I don’t remember the exact moment it dawned on me, but I do remember an awareness in middle childhood of the extraordinary improbability of being me. Who I was, where I was. In my only concrete memory, I am sitting on a friend’s front porch—I was probably about eleven—and asking her if she ever wondered why she was who she was instead of somebody else. I don’t think the conversation moved on. 

I suppose that fleeting sense of wonder that, of all the people and places in the world, I would find myself in a small town in the middle of Pennsylvania, a bright, well-fed, white child—instead of a hungry African, or a child of inner-city slums, or a child with mental or physical challenges—was my first sense of privilege. Of course, at eleven I would not have processed it that way. Now I’m being reminded daily that privilege has followed me into old age, and that it has been paid for by others. I think I’m being asked to atone for it. I don’t know how.

A long time ago, a young German girl engaged me in a conversation about collective guilt. Germans think about that a lot, I suppose. The rest of us should more. I answered honestly. “I don’t think everyone is equally guilty. But everyone who is part of the culture that permits it has to take some share of responsibility.” Should I have said that to a German teenager whose grandfather was conscripted into the Reich’s army? Maybe not. I am famous for speaking my mind without considering the consequences. 

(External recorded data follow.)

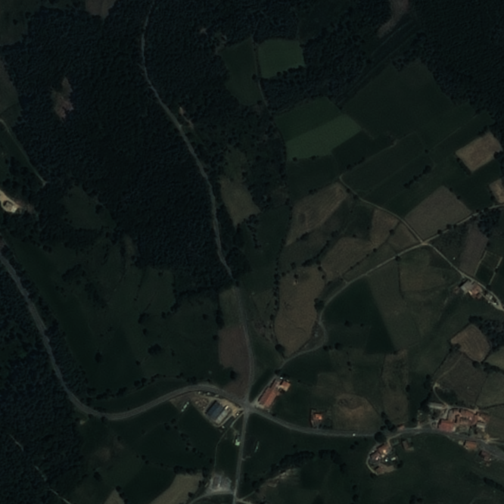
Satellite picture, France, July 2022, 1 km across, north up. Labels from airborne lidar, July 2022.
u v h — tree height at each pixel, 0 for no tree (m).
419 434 0
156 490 0
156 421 0
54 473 15
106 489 0
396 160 0
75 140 22
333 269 0
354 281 0
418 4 7
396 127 0
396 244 0
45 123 24
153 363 0
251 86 0
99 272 0
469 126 0
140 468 0
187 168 13
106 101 21
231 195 0
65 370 21
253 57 0
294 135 0
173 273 10
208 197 16
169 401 0
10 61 15
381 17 11
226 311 0
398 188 0
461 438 0
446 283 0
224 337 0
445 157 0
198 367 0
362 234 0
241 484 0
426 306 0
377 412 0
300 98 19
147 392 0
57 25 26
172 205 18
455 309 0
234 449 0
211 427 0
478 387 0
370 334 0
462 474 0
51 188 17
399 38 0
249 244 0
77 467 19
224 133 14
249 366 0
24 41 11
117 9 17
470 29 6
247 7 26
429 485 0
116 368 0
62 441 18
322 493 0
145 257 13
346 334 0
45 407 32
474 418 0
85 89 16
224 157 8
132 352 0
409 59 12
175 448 0
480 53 7
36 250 0
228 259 14
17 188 19
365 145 0
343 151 0
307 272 0
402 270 0
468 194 0
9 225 20
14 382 30
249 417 0
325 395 0
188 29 13
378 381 0
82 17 22
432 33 9
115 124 20
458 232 0
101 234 7
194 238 21
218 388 0
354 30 6
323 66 8
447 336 0
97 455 0
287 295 0
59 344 23
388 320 0
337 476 0
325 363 0
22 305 28
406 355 0
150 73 16
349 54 19
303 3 15
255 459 0
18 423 30
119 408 0
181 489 0
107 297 0
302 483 0
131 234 17
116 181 16
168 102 17
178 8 18
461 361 0
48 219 18
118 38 20
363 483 0
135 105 19
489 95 11
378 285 0
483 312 0
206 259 14
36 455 23
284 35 21
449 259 0
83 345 0
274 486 0
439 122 0
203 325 0
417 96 0
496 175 0
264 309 0
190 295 19
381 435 17
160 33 14
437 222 0
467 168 11
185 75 12
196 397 0
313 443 0
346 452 0
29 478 22
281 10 21
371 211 0
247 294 0
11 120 0
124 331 0
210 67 14
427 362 0
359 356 0
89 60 18
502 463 0
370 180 0
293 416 0
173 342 0
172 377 0
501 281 0
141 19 18
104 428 0
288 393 0
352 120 0
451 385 0
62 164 19
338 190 0
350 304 0
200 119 15
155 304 0
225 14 16
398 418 0
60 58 20
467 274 0
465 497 0
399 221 0
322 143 0
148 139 19
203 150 13
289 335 0
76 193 0
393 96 0
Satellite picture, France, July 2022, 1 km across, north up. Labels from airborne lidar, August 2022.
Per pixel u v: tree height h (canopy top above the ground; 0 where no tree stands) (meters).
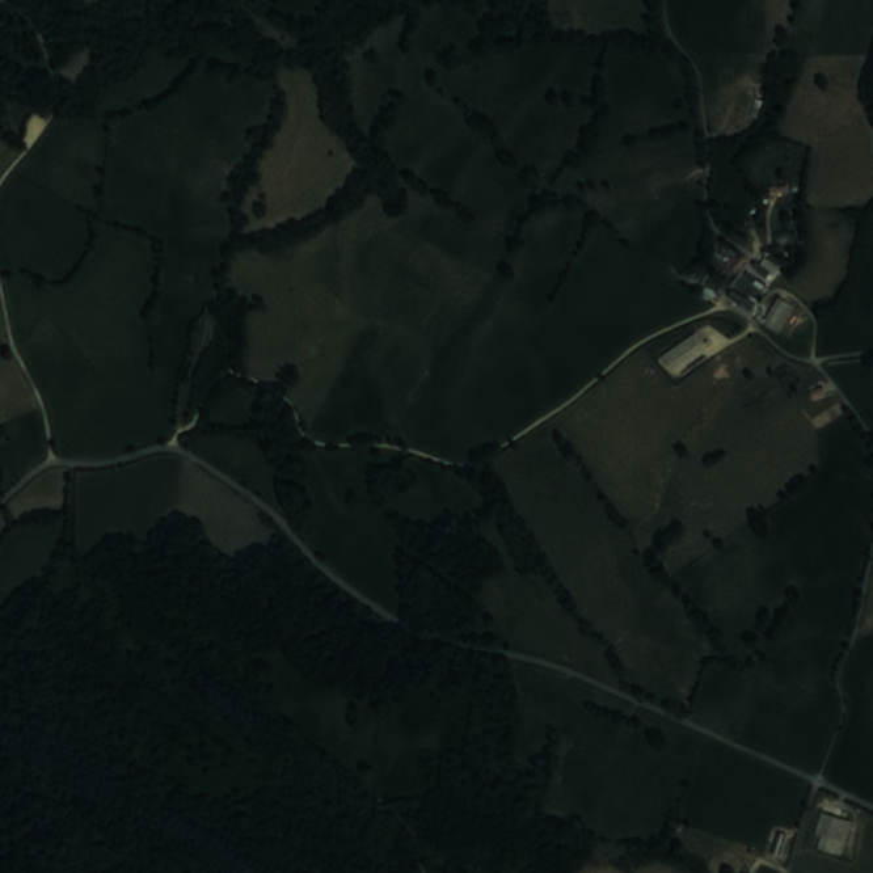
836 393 0
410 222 0
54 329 0
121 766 20
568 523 0
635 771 0
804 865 0
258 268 0
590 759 0
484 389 0
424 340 0
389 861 8
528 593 0
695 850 0
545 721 0
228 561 14
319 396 0
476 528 19
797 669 0
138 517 0
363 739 0
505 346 0
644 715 0
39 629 16
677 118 0
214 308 10
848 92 0
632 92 0
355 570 0
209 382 12
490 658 11
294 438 25
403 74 0
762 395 0
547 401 0
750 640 19
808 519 0
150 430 0
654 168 0
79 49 15
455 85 0
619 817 0
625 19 0
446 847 9
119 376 0
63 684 10
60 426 0
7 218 0
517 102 0
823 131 0
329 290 0
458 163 0
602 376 10
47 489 0
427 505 0
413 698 0
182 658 5
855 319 0
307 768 9
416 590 26
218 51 0
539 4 12
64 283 7
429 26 0
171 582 20
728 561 0
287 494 24
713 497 0
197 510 0
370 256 0
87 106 20
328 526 0
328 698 0
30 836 19
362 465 0
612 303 0
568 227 0
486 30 20
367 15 13
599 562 0
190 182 0
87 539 0
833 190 0
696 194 0
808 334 0
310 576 13
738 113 0
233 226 11
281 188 0
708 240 15
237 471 0
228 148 0
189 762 11
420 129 0
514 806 16
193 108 0
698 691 8
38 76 21
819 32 0
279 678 0
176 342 0
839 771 0
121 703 9
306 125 0
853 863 0
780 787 0
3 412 0
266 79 14
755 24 0
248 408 0
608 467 0
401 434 0
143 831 15
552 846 13
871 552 6
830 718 0
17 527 7
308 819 9
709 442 0
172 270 0
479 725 15
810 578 0
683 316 0
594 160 0
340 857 13
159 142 0
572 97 16
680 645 0
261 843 15
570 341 0
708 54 0
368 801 13
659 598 0
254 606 26
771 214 0
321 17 14
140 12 16
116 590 7
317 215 10
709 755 0
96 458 0
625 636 0
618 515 15
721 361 0
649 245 0
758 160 0
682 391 0
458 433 0
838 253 0
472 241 0
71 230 0
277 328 0
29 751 22
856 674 0
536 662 0
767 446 0
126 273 0
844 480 0
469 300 0
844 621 0
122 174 0
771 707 0
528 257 0
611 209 0
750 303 0
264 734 28
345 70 15
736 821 0
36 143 0
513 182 0
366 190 21
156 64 0
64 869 8
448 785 10
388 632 20
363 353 0
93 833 12
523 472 0
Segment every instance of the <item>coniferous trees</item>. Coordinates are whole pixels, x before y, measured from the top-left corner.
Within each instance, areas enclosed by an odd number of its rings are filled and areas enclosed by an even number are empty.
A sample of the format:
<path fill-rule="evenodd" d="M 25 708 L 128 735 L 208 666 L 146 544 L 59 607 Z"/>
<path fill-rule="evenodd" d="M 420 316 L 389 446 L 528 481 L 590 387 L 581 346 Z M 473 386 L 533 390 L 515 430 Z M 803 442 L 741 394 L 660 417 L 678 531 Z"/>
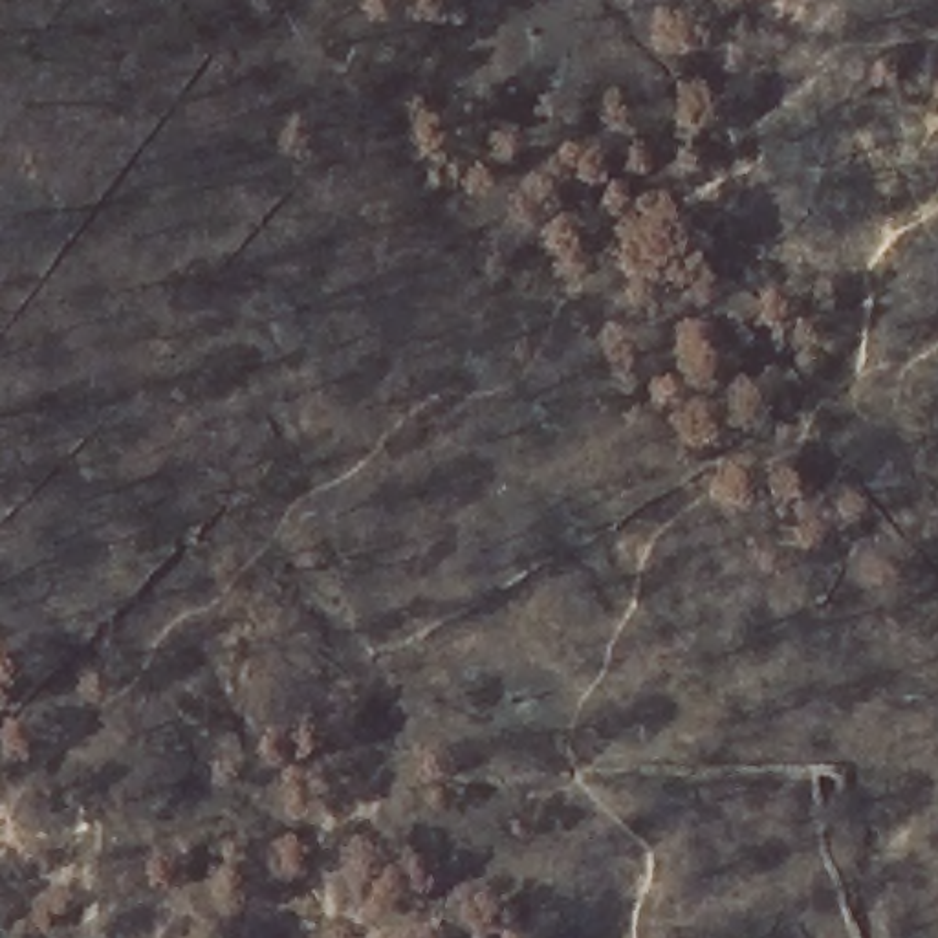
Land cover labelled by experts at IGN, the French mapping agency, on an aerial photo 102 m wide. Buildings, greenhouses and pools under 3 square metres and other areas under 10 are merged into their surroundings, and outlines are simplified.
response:
<path fill-rule="evenodd" d="M 220 854 L 213 854 L 209 846 L 194 843 L 191 854 L 180 854 L 176 865 L 165 872 L 176 883 L 176 890 L 165 901 L 165 909 L 172 916 L 191 920 L 187 938 L 308 938 L 300 916 L 282 912 L 282 901 L 315 890 L 337 894 L 348 883 L 359 887 L 359 905 L 374 920 L 385 920 L 392 912 L 440 916 L 440 931 L 429 938 L 627 938 L 634 901 L 619 890 L 601 894 L 597 905 L 586 905 L 579 894 L 561 894 L 557 887 L 535 879 L 524 883 L 502 876 L 491 890 L 476 890 L 465 879 L 447 898 L 432 901 L 432 876 L 421 872 L 418 854 L 377 857 L 363 839 L 352 839 L 337 857 L 330 846 L 319 843 L 319 828 L 333 832 L 333 813 L 326 810 L 326 780 L 319 780 L 319 755 L 311 751 L 311 733 L 297 733 L 297 740 L 282 736 L 278 744 L 256 744 L 256 755 L 245 762 L 235 736 L 220 736 L 213 755 L 209 802 L 216 802 L 220 810 L 238 810 L 249 821 L 249 843 L 242 854 L 231 843 L 224 843 Z"/>
<path fill-rule="evenodd" d="M 828 487 L 810 495 L 799 487 L 799 476 L 791 469 L 802 443 L 813 436 L 813 418 L 802 410 L 821 396 L 850 392 L 854 355 L 861 341 L 865 271 L 835 275 L 817 271 L 810 264 L 784 264 L 780 209 L 762 183 L 736 180 L 707 202 L 696 198 L 696 187 L 711 176 L 696 165 L 693 150 L 696 132 L 707 128 L 714 117 L 714 103 L 704 81 L 689 81 L 682 70 L 682 59 L 689 55 L 685 22 L 674 11 L 660 7 L 652 11 L 652 51 L 641 70 L 641 84 L 634 84 L 630 92 L 605 95 L 605 114 L 590 110 L 575 121 L 557 106 L 550 117 L 539 114 L 531 128 L 495 132 L 491 150 L 476 158 L 473 169 L 443 154 L 443 143 L 436 136 L 436 114 L 425 110 L 418 95 L 407 99 L 407 117 L 414 128 L 418 154 L 425 158 L 429 187 L 465 187 L 469 202 L 476 205 L 476 227 L 491 235 L 484 264 L 458 267 L 458 282 L 465 289 L 498 289 L 513 271 L 531 271 L 535 286 L 553 304 L 568 308 L 583 322 L 586 366 L 579 370 L 579 399 L 590 418 L 590 429 L 597 436 L 612 436 L 619 447 L 638 447 L 652 440 L 671 476 L 682 480 L 682 491 L 689 498 L 685 506 L 707 506 L 707 524 L 725 539 L 733 564 L 755 586 L 751 605 L 780 616 L 802 608 L 806 586 L 799 583 L 799 572 L 813 568 L 821 557 L 843 561 L 854 542 L 868 539 L 865 524 L 857 520 L 861 495 L 839 495 L 835 487 Z"/>
<path fill-rule="evenodd" d="M 0 791 L 37 773 L 37 755 L 18 736 L 18 674 L 11 652 L 0 645 Z"/>

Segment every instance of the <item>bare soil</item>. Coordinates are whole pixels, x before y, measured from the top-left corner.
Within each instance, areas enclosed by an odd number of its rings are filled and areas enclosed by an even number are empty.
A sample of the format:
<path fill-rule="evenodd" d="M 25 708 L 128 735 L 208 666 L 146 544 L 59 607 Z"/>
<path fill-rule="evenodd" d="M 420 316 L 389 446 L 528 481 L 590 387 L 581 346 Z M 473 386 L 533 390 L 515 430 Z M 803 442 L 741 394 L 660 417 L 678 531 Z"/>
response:
<path fill-rule="evenodd" d="M 586 366 L 583 322 L 568 308 L 553 304 L 535 286 L 531 271 L 513 271 L 498 289 L 465 289 L 458 282 L 458 267 L 484 264 L 491 235 L 476 227 L 476 205 L 469 202 L 465 187 L 429 187 L 425 158 L 418 154 L 414 128 L 407 117 L 407 99 L 418 95 L 425 110 L 436 114 L 436 136 L 443 143 L 443 154 L 473 169 L 476 158 L 491 150 L 495 132 L 531 128 L 539 114 L 550 117 L 557 106 L 575 121 L 590 110 L 605 114 L 605 95 L 630 92 L 634 84 L 641 84 L 641 70 L 652 51 L 652 11 L 660 7 L 674 11 L 685 22 L 689 55 L 682 59 L 682 70 L 689 81 L 704 81 L 714 103 L 714 117 L 707 128 L 696 132 L 693 150 L 696 165 L 711 176 L 696 187 L 696 198 L 707 202 L 736 180 L 762 183 L 780 209 L 784 264 L 810 264 L 817 271 L 835 275 L 865 271 L 861 341 L 854 355 L 850 392 L 821 396 L 802 410 L 813 418 L 813 436 L 802 443 L 791 469 L 799 476 L 799 487 L 810 495 L 828 487 L 835 487 L 839 495 L 861 495 L 857 520 L 865 524 L 868 539 L 854 542 L 843 561 L 821 557 L 813 568 L 799 572 L 799 583 L 806 586 L 802 608 L 780 616 L 751 605 L 755 586 L 733 564 L 725 539 L 707 524 L 707 506 L 685 506 L 689 498 L 682 491 L 682 480 L 671 476 L 652 440 L 638 447 L 619 447 L 612 436 L 597 436 L 590 429 L 590 418 L 579 399 L 579 370 Z M 0 791 L 0 938 L 187 938 L 191 920 L 172 916 L 165 909 L 165 901 L 176 890 L 176 883 L 165 872 L 176 865 L 180 854 L 191 854 L 194 843 L 209 846 L 213 854 L 220 854 L 224 843 L 231 843 L 242 854 L 249 843 L 249 821 L 238 810 L 220 810 L 216 802 L 209 802 L 213 755 L 220 736 L 235 736 L 245 762 L 256 755 L 256 744 L 278 744 L 282 736 L 297 740 L 297 733 L 311 733 L 311 751 L 319 755 L 319 780 L 326 780 L 326 810 L 333 813 L 333 832 L 319 828 L 319 843 L 330 846 L 337 857 L 352 839 L 363 839 L 377 857 L 418 854 L 421 872 L 432 876 L 432 901 L 447 898 L 465 879 L 476 890 L 491 890 L 502 876 L 524 883 L 535 879 L 557 887 L 561 894 L 579 894 L 586 905 L 597 905 L 601 894 L 619 890 L 634 901 L 627 938 L 938 938 L 938 0 L 0 0 L 0 645 L 11 652 L 18 674 L 18 736 L 37 755 L 37 773 Z"/>
<path fill-rule="evenodd" d="M 348 883 L 337 894 L 315 890 L 282 901 L 282 912 L 300 916 L 308 938 L 429 938 L 440 931 L 440 916 L 392 912 L 385 920 L 374 920 L 359 905 L 359 887 Z"/>

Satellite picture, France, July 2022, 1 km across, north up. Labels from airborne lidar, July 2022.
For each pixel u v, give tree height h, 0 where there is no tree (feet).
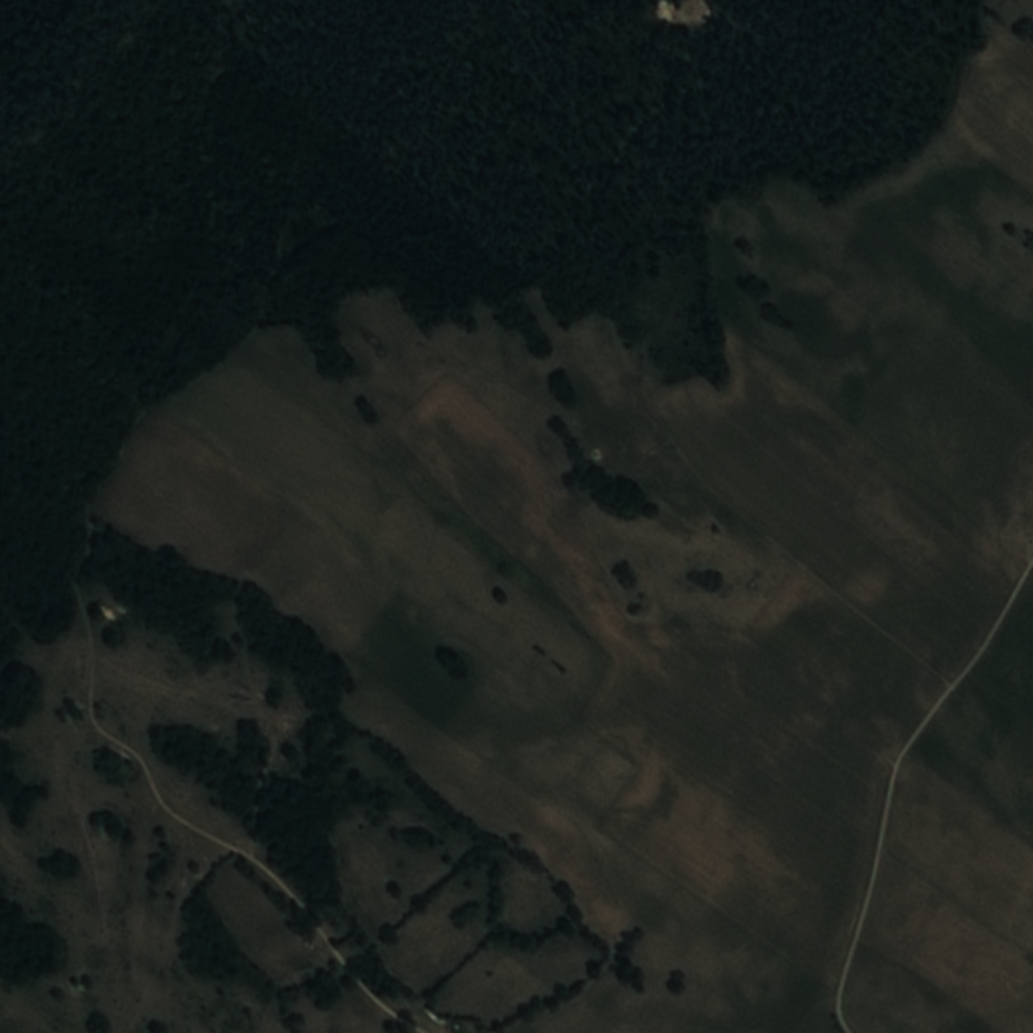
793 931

She shook her head. “But what if they didn’t even know?”

I didn’t grow up in Canada, but most of my friends did. They didn’t know about residential schools. They didn’t learn about government policies toward Aboriginal Canadians in their classrooms or their Sunday Schools. Most didn’t live close to Aboriginal communities or to the residential schools themselves. Their awareness of this attack on the culture and the human rights of their fellow Canadians emerged in dribs and drabs over the years. The same years when I was becoming Canadian. 

Two hundred and fifteen. 215. Children’s bodies. How guilty are we all?

I am not comparing the residential schools to Auschwitz in scope or intent. But in 2021, ignorance of the Residential School horrors would have to be willful. The recent discovery of child graves in British Columbia should not surprise anyone. We—all of us—have known for years the harm done to children and their families. We have understood that the system ruptured the fabric of previously healthy cultures. There have been scathing reports and attempts by governments and individuals to make amends. Too little, too late? Undoubtedly. Shamefully. But how do you mend a fractured culture? And how do you atone for the errors of the past? And how much of the guilt falls on each of us?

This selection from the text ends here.